While the precise cause of the Interstate 35W bridge collapse may not be known for months there's one certainty almost no one disputes: The U.S. has largely ignored much needed maintenance for its aging infrastructure.
Unless tragedy strikes, roads, bridges and sewers are not the type of hot button, social issues that receive an abundance of attention from politicians and the media. Yet a safe and reliable infrastructure makes up the "nuts and bolts" of our economy. It's the bedrock of services that our government is called upon to provide for its citizens.
The issue goes far beyond the Aug. 1 tragedy in Minneapolis. Minnesota's transportation system has been woefully under-funded for years and traffic congestion seems to reach new heights each year. A burst steam pipe that had been installed in 1924 was blamed for the death of one person and injuries to 20 others in Midtown Manhattan last month.

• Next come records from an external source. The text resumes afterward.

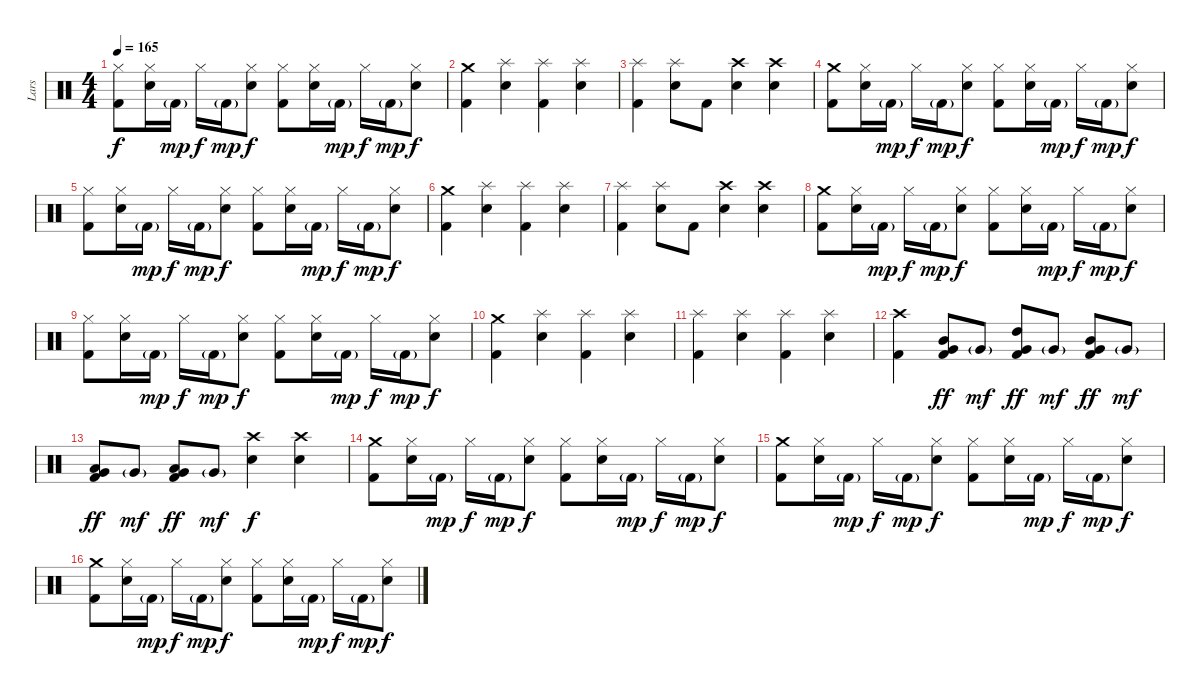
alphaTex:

\track ("Lars" "Lars") {instrument percussion}
\staff {score}
\articulation defaults
\ts (4 4)
\tempo 165
\clef neutral
\ks c
("Hi-Hat (closed)" "Kick (hit) 2").8{dy f} ("Hi-Hat (closed)" "Snare (hit) 2").16 "Kick (hit) 2"{g}.16{dy mp} "Hi-Hat (closed)".16{dy f} "Kick (hit) 2"{g}.16{dy mp} ("Hi-Hat (closed)" "Snare (hit) 2").8{dy f} ("Hi-Hat (closed)" "Kick (hit) 2").8 ("Hi-Hat (closed)" "Snare (hit) 2").16 "Kick (hit) 2"{g}.16{dy mp} "Hi-Hat (closed)".16{dy f} "Kick (hit) 2"{g}.16{dy mp} ("Hi-Hat (closed)" "Snare (hit) 2").8{dy f} |
("Crash medium (hit)" "Kick (hit) 2").4 ("Splash (hit)" "Snare (hit) 2").4 ("Splash (hit)" "Kick (hit) 2").4 ("Splash (hit)" "Snare (hit) 2").4 |
("Splash (hit)" "Kick (hit) 2").4 ("Splash (hit)" "Snare (hit) 2").8 "Kick (hit) 2".8 ("Crash high (hit)" "Snare (hit) 2").4 ("Crash high (hit)" "Snare (hit) 2").4 |
("Crash medium (hit)" "Kick (hit) 2").8 ("Hi-Hat (closed)" "Snare (hit) 2").16 "Kick (hit) 2"{g}.16{dy mp} "Hi-Hat (closed)".16{dy f} "Kick (hit) 2"{g}.16{dy mp} ("Hi-Hat (closed)" "Snare (hit) 2").8{dy f} ("Hi-Hat (closed)" "Kick (hit) 2").8 ("Hi-Hat (closed)" "Snare (hit) 2").16 "Kick (hit) 2"{g}.16{dy mp} "Hi-Hat (closed)".16{dy f} "Kick (hit) 2"{g}.16{dy mp} ("Hi-Hat (closed)" "Snare (hit) 2").8{dy f} |
("Hi-Hat (closed)" "Kick (hit) 2").8 ("Hi-Hat (closed)" "Snare (hit) 2").16 "Kick (hit) 2"{g}.16{dy mp} "Hi-Hat (closed)".16{dy f} "Kick (hit) 2"{g}.16{dy mp} ("Hi-Hat (closed)" "Snare (hit) 2").8{dy f} ("Hi-Hat (closed)" "Kick (hit) 2").8 ("Hi-Hat (closed)" "Snare (hit) 2").16 "Kick (hit) 2"{g}.16{dy mp} "Hi-Hat (closed)".16{dy f} "Kick (hit) 2"{g}.16{dy mp} ("Hi-Hat (closed)" "Snare (hit) 2").8{dy f} |
("Crash medium (hit)" "Kick (hit) 2").4 ("Splash (hit)" "Snare (hit) 2").4 ("Splash (hit)" "Kick (hit) 2").4 ("Splash (hit)" "Snare (hit) 2").4 |
("Splash (hit)" "Kick (hit) 2").4 ("Splash (hit)" "Snare (hit) 2").8 "Kick (hit) 2".8 ("Crash high (hit)" "Snare (hit) 2").4 ("Crash high (hit)" "Snare (hit) 2").4 |
("Crash medium (hit)" "Kick (hit) 2").8 ("Hi-Hat (closed)" "Snare (hit) 2").16 "Kick (hit) 2"{g}.16{dy mp} "Hi-Hat (closed)".16{dy f} "Kick (hit) 2"{g}.16{dy mp} ("Hi-Hat (closed)" "Snare (hit) 2").8{dy f} ("Hi-Hat (closed)" "Kick (hit) 2").8 ("Hi-Hat (closed)" "Snare (hit) 2").16 "Kick (hit) 2"{g}.16{dy mp} "Hi-Hat (closed)".16{dy f} "Kick (hit) 2"{g}.16{dy mp} ("Hi-Hat (closed)" "Snare (hit) 2").8{dy f} |
("Hi-Hat (closed)" "Kick (hit) 2").8 ("Hi-Hat (closed)" "Snare (hit) 2").16 "Kick (hit) 2"{g}.16{dy mp} "Hi-Hat (closed)".16{dy f} "Kick (hit) 2"{g}.16{dy mp} ("Hi-Hat (closed)" "Snare (hit) 2").8{dy f} ("Hi-Hat (closed)" "Kick (hit) 2").8 ("Hi-Hat (closed)" "Snare (hit) 2").16 "Kick (hit) 2"{g}.16{dy mp} "Hi-Hat (closed)".16{dy f} "Kick (hit) 2"{g}.16{dy mp} ("Hi-Hat (closed)" "Snare (hit) 2").8{dy f} |
("Crash medium (hit)" "Kick (hit) 2").4 ("Splash (hit)" "Snare (hit) 2").4 ("Splash (hit)" "Kick (hit) 2").4 ("Splash (hit)" "Snare (hit) 2").4 |
("Splash (hit)" "Kick (hit) 2").4 ("Splash (hit)" "Snare (hit) 2").4 ("Splash (hit)" "Kick (hit) 2").4 ("Splash (hit)" "Snare (hit) 2").4 |
("Crash high (hit)" "Kick (hit) 2").4 ("Mid Tom (hit)" "Very Low Tom (hit)" "Kick (hit) 2").8{dy ff} "Very Low Tom (hit)"{g}.8{dy mf} ("High Tom (hit)" "Very Low Tom (hit)" "Kick (hit) 2").8{dy ff} "Very Low Tom (hit)"{g}.8{dy mf} ("Mid Tom (hit)" "Very Low Tom (hit)" "Kick (hit) 2").8{dy ff} "Very Low Tom (hit)"{g}.8{dy mf} |
("Low Tom (hit)" "Very Low Tom (hit)" "Kick (hit) 2").8{dy ff} "Very Low Tom (hit)"{g}.8{dy mf} ("Low Tom (hit)" "Very Low Tom (hit)" "Kick (hit) 2").8{dy ff} "Very Low Tom (hit)"{g}.8{dy mf} ("Crash high (hit)" "Snare (hit) 2").4{dy f} ("Crash high (hit)" "Snare (hit) 2").4 |
("Crash medium (hit)" "Kick (hit) 2").8 ("Hi-Hat (closed)" "Snare (hit) 2").16 "Kick (hit) 2"{g}.16{dy mp} "Hi-Hat (closed)".16{dy f} "Kick (hit) 2"{g}.16{dy mp} ("Hi-Hat (closed)" "Snare (hit) 2").8{dy f} ("Hi-Hat (closed)" "Kick (hit) 2").8 ("Hi-Hat (closed)" "Snare (hit) 2").16 "Kick (hit) 2"{g}.16{dy mp} "Hi-Hat (closed)".16{dy f} "Kick (hit) 2"{g}.16{dy mp} ("Hi-Hat (closed)" "Snare (hit) 2").8{dy f} |
("Crash medium (hit)" "Kick (hit) 2").8 ("Hi-Hat (closed)" "Snare (hit) 2").16 "Kick (hit) 2"{g}.16{dy mp} "Hi-Hat (closed)".16{dy f} "Kick (hit) 2"{g}.16{dy mp} ("Hi-Hat (closed)" "Snare (hit) 2").8{dy f} ("Hi-Hat (closed)" "Kick (hit) 2").8 ("Hi-Hat (closed)" "Snare (hit) 2").16 "Kick (hit) 2"{g}.16{dy mp} "Hi-Hat (closed)".16{dy f} "Kick (hit) 2"{g}.16{dy mp} ("Hi-Hat (closed)" "Snare (hit) 2").8{dy f} |
("Crash medium (hit)" "Kick (hit) 2").8 ("Hi-Hat (closed)" "Snare (hit) 2").16 "Kick (hit) 2"{g}.16{dy mp} "Hi-Hat (closed)".16{dy f} "Kick (hit) 2"{g}.16{dy mp} ("Hi-Hat (closed)" "Snare (hit) 2").8{dy f} ("Hi-Hat (closed)" "Kick (hit) 2").8 ("Hi-Hat (closed)" "Snare (hit) 2").16 "Kick (hit) 2"{g}.16{dy mp} "Hi-Hat (closed)".16{dy f} "Kick (hit) 2"{g}.16{dy mp} ("Hi-Hat (closed)" "Snare (hit) 2").8{dy f}
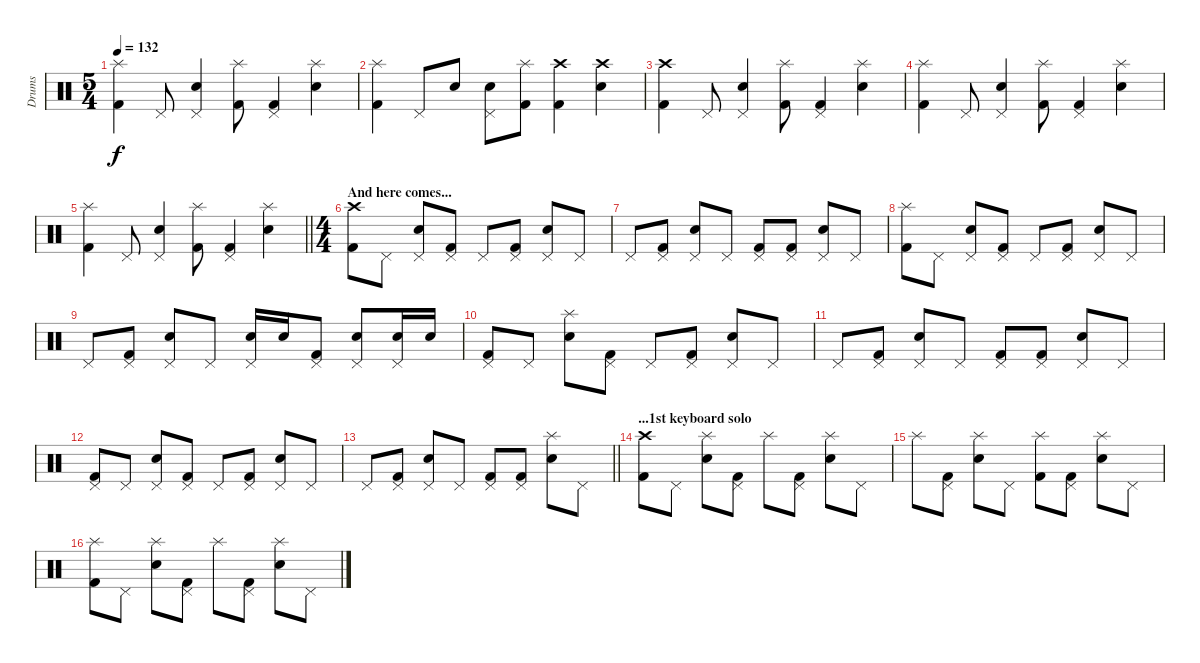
\track ("Drums" "Drums") {instrument percussion}
\staff {score}
\articulation defaults
\ts (5 4)
\tempo 132
\clef neutral
\ks c
("Splash (hit)" "Kick (hit) 2").4{dy f} "Pedal Hi-Hat (hit)".8 ("Pedal Hi-Hat (hit)" "Snare (hit) 2").4 ("Splash (hit)" "Kick (hit) 2").8 ("Pedal Hi-Hat (hit)" "Kick (hit) 2").4 ("Splash (hit)" "Snare (hit) 2").4 |
("Splash (hit)" "Kick (hit) 2").4 "Pedal Hi-Hat (hit)".8 "Snare (hit) 2".8 ("Pedal Hi-Hat (hit)" "Snare (hit) 2").8 ("Splash (hit)" "Kick (hit) 2").8 ("Crash high (hit)" "Kick (hit) 2").4 ("Crash high (hit)" "Snare (hit) 2").4 |
("Crash high (hit)" "Kick (hit) 2").4 "Pedal Hi-Hat (hit)".8 ("Pedal Hi-Hat (hit)" "Snare (hit) 2").4 ("Splash (hit)" "Kick (hit) 2").8 ("Pedal Hi-Hat (hit)" "Kick (hit) 2").4 ("Splash (hit)" "Snare (hit) 2").4 |
("Splash (hit)" "Kick (hit) 2").4 "Pedal Hi-Hat (hit)".8 ("Pedal Hi-Hat (hit)" "Snare (hit) 2").4 ("Splash (hit)" "Kick (hit) 2").8 ("Pedal Hi-Hat (hit)" "Kick (hit) 2").4 ("Splash (hit)" "Snare (hit) 2").4 |
\barLineRight lightlight
("Splash (hit)" "Kick (hit) 2").4 "Pedal Hi-Hat (hit)".8 ("Pedal Hi-Hat (hit)" "Snare (hit) 2").4 ("Splash (hit)" "Kick (hit) 2").8 ("Pedal Hi-Hat (hit)" "Kick (hit) 2").4 ("Splash (hit)" "Snare (hit) 2").4 |
\ts (4 4)
\section ("" "And here comes...")
("Crash high (hit)" "Kick (hit) 2").8 "Pedal Hi-Hat (hit)".8 ("Pedal Hi-Hat (hit)" "Snare (hit) 2").8 ("Pedal Hi-Hat (hit)" "Kick (hit) 2").8 "Pedal Hi-Hat (hit)".8 ("Pedal Hi-Hat (hit)" "Kick (hit) 2").8 ("Pedal Hi-Hat (hit)" "Snare (hit) 2").8 "Pedal Hi-Hat (hit)".8 |
"Pedal Hi-Hat (hit)".8 ("Pedal Hi-Hat (hit)" "Kick (hit) 2").8 ("Pedal Hi-Hat (hit)" "Snare (hit) 2").8 "Pedal Hi-Hat (hit)".8 ("Pedal Hi-Hat (hit)" "Kick (hit) 2").8 ("Pedal Hi-Hat (hit)" "Kick (hit) 2").8 ("Pedal Hi-Hat (hit)" "Snare (hit) 2").8 "Pedal Hi-Hat (hit)".8 |
("Splash (hit)" "Kick (hit) 2").8 "Pedal Hi-Hat (hit)".8 ("Pedal Hi-Hat (hit)" "Snare (hit) 2").8 ("Pedal Hi-Hat (hit)" "Kick (hit) 2").8 "Pedal Hi-Hat (hit)".8 ("Pedal Hi-Hat (hit)" "Kick (hit) 2").8 ("Pedal Hi-Hat (hit)" "Snare (hit) 2").8 "Pedal Hi-Hat (hit)".8 |
"Pedal Hi-Hat (hit)".8 ("Pedal Hi-Hat (hit)" "Kick (hit) 2").8 ("Pedal Hi-Hat (hit)" "Snare (hit) 2").8 "Pedal Hi-Hat (hit)".8 ("Pedal Hi-Hat (hit)" "Snare (hit) 2").16 "Snare (hit) 2".16 ("Pedal Hi-Hat (hit)" "Kick (hit) 2").8 ("Pedal Hi-Hat (hit)" "Snare (hit) 2").8 ("Pedal Hi-Hat (hit)" "Snare (hit) 2").16 "Snare (hit) 2".16 |
("Pedal Hi-Hat (hit)" "Kick (hit) 2").8 "Pedal Hi-Hat (hit)".8 ("Splash (hit)" "Snare (hit) 2").8 ("Pedal Hi-Hat (hit)" "Kick (hit) 2").8 "Pedal Hi-Hat (hit)".8 ("Pedal Hi-Hat (hit)" "Kick (hit) 2").8 ("Pedal Hi-Hat (hit)" "Snare (hit) 2").8 "Pedal Hi-Hat (hit)".8 |
"Pedal Hi-Hat (hit)".8 ("Pedal Hi-Hat (hit)" "Kick (hit) 2").8 ("Pedal Hi-Hat (hit)" "Snare (hit) 2").8 "Pedal Hi-Hat (hit)".8 ("Pedal Hi-Hat (hit)" "Kick (hit) 2").8 ("Pedal Hi-Hat (hit)" "Kick (hit) 2").8 ("Pedal Hi-Hat (hit)" "Snare (hit) 2").8 "Pedal Hi-Hat (hit)".8 |
("Pedal Hi-Hat (hit)" "Kick (hit) 2").8 "Pedal Hi-Hat (hit)".8 ("Pedal Hi-Hat (hit)" "Snare (hit) 2").8 ("Pedal Hi-Hat (hit)" "Kick (hit) 2").8 "Pedal Hi-Hat (hit)".8 ("Pedal Hi-Hat (hit)" "Kick (hit) 2").8 ("Pedal Hi-Hat (hit)" "Snare (hit) 2").8 "Pedal Hi-Hat (hit)".8 |
\barLineRight lightlight "Pedal Hi-Hat (hit)".8
("Pedal Hi-Hat (hit)" "Kick (hit) 2").8 ("Pedal Hi-Hat (hit)" "Snare (hit) 2").8 "Pedal Hi-Hat (hit)".8 ("Pedal Hi-Hat (hit)" "Kick (hit) 2").8 ("Pedal Hi-Hat (hit)" "Kick (hit) 2").8 ("Splash (hit)" "Snare (hit) 2").8 "Pedal Hi-Hat (hit)".8 |
\section ("" "...1st keyboard solo")
("Crash high (hit)" "Kick (hit) 2").8 "Pedal Hi-Hat (hit)".8 ("Splash (hit)" "Snare (hit) 2").8 ("Pedal Hi-Hat (hit)" "Kick (hit) 2").8 "Splash (hit)".8 ("Pedal Hi-Hat (hit)" "Kick (hit) 2").8 ("Splash (hit)" "Snare (hit) 2").8 "Pedal Hi-Hat (hit)".8 |
"Splash (hit)".8 ("Pedal Hi-Hat (hit)" "Kick (hit) 2").8 ("Splash (hit)" "Snare (hit) 2").8 "Pedal Hi-Hat (hit)".8 ("Splash (hit)" "Kick (hit) 2").8 ("Pedal Hi-Hat (hit)" "Kick (hit) 2").8 ("Splash (hit)" "Snare (hit) 2").8 "Pedal Hi-Hat (hit)".8 |
("Splash (hit)" "Kick (hit) 2").8 "Pedal Hi-Hat (hit)".8 ("Splash (hit)" "Snare (hit) 2").8 ("Pedal Hi-Hat (hit)" "Kick (hit) 2").8 "Splash (hit)".8 ("Pedal Hi-Hat (hit)" "Kick (hit) 2").8 ("Splash (hit)" "Snare (hit) 2").8 "Pedal Hi-Hat (hit)".8

The analogy has been made that public infrastructures are similar to new homes. Starting at day one, they begin to deteriorate as the result of wear and tear and the effects of nature. If a home is not maintained by periodic painting or the replacing of worn flooring it will eventually decline.
Today, about 30 percent of U.S. bridges are obsolete or structurally faulty. It's likely that a study of our dams, roadways and sewer systems would reveal similar findings.
Minnesota's gas tax, which was last increased in 1988, is long overdue for a hike. The number of state roads and the number of drivers on those roads has multiplied in the last 19 years and several governors and legislatures have failed to increase the revenue stream.
Gov. Pawlenty is right to look upon the bridge collapse as a wake-up call for state politicians. The Legislature should meet in special session and consider a wide range of solutions to our transportation mess. These solutions might include a gas tax hike, bonding for projects and even toll roadways and bridges.
Ignoring our infrastructure is no longer an option.